Another issue I have with Phares’ book is the characterisation of each “group.” There was an emphasis on theory above all else, and Phares was keen to reinforce the supposed differences between “internals” and “externals” even when there was no evidence to do so. For instance, the evidence that “internals” are more competent and self-directed is only present in men, not women, yet Phares refers to this as a defining difference throughout the book. Indeed, there seems to be a pro-internal bias from Phares. When evidence suggested “externals” were more stoic when faced with threats, this is presented as being a maladjustment. Additionally, despite limited evidence, Phares appears convinced that externality must correspond with schizophrenia, depression, and anxiety disorders. Whilst there is some logic to the latter conditions, linking externality to the former seems a real reach, and indeed there was little evidence to back up this theoretical claim. Thankfully Phares, having written all of this, does remind the reader that maladjustment is not a scientific construct, but a subjective, socially determined one. After all, science can only determine behavioural differences between “internals” and “externals,” not make value judgements about such differences.

Perhaps the most fascinating chapter of the book related to the antecedents of locus of control within people.
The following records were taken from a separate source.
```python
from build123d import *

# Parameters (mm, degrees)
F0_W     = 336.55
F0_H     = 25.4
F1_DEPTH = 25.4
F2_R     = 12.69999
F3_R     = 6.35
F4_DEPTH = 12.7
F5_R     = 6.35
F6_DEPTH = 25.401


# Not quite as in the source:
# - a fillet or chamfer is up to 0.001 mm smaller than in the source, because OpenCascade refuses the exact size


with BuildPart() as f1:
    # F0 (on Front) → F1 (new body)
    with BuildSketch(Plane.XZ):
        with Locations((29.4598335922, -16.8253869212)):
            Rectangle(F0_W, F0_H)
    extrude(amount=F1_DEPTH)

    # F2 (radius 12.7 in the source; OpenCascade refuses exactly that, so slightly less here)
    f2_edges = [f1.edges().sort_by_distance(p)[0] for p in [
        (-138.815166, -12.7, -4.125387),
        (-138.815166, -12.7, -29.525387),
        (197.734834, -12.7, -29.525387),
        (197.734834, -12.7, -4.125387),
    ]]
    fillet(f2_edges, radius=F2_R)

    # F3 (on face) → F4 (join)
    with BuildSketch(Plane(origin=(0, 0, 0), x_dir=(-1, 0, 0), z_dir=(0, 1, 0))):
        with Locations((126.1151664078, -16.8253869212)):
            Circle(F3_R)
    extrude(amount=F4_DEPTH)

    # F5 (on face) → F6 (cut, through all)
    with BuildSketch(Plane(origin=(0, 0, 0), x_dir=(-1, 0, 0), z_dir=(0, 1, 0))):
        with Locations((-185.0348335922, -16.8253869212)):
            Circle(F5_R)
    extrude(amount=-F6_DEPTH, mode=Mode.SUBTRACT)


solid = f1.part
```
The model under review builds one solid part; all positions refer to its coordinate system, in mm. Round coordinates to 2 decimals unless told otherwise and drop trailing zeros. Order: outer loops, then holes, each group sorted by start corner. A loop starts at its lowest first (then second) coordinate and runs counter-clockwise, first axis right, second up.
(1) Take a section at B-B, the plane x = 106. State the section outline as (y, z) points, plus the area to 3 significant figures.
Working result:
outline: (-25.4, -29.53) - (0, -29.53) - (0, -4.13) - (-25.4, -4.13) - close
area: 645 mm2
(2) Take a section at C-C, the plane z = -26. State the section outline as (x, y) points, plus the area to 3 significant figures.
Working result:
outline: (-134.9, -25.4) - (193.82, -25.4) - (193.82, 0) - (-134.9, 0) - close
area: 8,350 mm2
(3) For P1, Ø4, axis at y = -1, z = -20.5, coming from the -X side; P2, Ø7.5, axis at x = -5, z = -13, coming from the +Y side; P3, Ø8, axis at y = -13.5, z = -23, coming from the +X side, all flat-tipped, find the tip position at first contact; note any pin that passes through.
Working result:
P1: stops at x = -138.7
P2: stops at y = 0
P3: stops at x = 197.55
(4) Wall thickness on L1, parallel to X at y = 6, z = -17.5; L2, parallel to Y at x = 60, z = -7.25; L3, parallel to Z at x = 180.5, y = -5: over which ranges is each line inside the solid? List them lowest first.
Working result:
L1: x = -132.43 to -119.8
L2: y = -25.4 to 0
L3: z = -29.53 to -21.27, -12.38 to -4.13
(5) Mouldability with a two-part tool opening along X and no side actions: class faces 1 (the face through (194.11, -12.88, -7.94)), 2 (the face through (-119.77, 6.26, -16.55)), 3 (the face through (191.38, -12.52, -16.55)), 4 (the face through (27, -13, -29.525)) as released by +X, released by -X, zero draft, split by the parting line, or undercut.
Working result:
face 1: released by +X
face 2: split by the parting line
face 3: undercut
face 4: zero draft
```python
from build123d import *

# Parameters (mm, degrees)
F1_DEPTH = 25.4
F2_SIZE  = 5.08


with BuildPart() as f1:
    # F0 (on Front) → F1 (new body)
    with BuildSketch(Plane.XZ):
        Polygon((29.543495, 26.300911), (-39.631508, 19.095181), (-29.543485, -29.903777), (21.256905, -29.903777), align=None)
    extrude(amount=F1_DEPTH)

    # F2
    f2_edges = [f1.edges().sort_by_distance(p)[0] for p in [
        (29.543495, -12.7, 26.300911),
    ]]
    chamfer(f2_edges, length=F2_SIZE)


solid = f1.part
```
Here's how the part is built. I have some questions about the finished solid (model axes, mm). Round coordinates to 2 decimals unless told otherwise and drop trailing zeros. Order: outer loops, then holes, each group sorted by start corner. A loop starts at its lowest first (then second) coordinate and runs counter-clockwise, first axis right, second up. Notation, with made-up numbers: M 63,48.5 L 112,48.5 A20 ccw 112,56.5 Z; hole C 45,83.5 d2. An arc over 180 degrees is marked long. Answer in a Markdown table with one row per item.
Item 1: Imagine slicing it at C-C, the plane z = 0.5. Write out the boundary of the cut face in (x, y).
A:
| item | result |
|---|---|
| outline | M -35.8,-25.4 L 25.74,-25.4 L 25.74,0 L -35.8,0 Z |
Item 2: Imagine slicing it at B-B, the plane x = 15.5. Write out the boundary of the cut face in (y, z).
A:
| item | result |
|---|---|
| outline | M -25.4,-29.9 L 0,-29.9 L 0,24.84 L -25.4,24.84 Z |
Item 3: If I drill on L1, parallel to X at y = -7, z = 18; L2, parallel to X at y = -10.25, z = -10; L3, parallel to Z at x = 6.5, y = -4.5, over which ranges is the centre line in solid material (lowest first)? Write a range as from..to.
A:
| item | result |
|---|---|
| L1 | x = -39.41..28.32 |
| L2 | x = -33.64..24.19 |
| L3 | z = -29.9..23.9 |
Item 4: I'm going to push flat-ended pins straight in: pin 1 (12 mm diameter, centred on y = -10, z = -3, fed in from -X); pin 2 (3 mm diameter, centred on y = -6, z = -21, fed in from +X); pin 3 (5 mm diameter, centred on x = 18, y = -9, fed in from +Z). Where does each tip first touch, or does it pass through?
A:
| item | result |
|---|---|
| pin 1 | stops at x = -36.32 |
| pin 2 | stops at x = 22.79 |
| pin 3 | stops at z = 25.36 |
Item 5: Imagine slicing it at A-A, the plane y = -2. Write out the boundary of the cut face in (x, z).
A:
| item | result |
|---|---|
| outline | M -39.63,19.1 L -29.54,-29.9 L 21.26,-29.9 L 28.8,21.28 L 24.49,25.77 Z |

Families which offer fewer but more consistent and stable constraints on children tend to produce “internals.” Here, the children seem to learn to take responsibility for their actions rather than defer to an overbearing adult. However, they also have consistent outcomes (think reward/punishment) for their actions, which reinforce their view of themselves as the primary actor and thus reinforcing an internal worldview. In this sense, locus of control develops as a genuine reflection of a child’s reality. If parents or parental boundaries are unstable, then the consequences of the child’s actions are not related to the action itself.

The book concludes with a salient point about control and freedom. Freedom only means something if people act with enough sovereignty to make something of it. In other words, freedom entails responsibility. If we hold ourselves to the ransom of the outside world, we cannot make anything meaningful for ourselves. With this in mind, perhaps it is, after all, better to adopt a more internal locus of control and look within for a better life, rather than shelter in the world around us. Then again, perhaps this is just my own internal bias speaking.